> _Task prompt_:
Starting from the first line, set down the entire listing exactly.

> _Information shown_:

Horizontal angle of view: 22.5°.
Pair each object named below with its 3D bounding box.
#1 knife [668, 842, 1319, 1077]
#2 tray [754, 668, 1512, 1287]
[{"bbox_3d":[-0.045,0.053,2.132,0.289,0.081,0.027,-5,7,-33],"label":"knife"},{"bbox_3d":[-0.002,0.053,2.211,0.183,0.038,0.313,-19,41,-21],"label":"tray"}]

> _Exercise solution_:
Horizontal angle of view: 22.5°.
Pair each object named below with its 3D bounding box.
#1 knife [668, 842, 1319, 1077]
#2 tray [754, 668, 1512, 1287]
[{"bbox_3d":[-0.045,0.053,2.132,0.289,0.081,0.027,-5,7,-33],"label":"knife"},{"bbox_3d":[-0.002,0.053,2.211,0.183,0.038,0.313,-19,41,-21],"label":"tray"}]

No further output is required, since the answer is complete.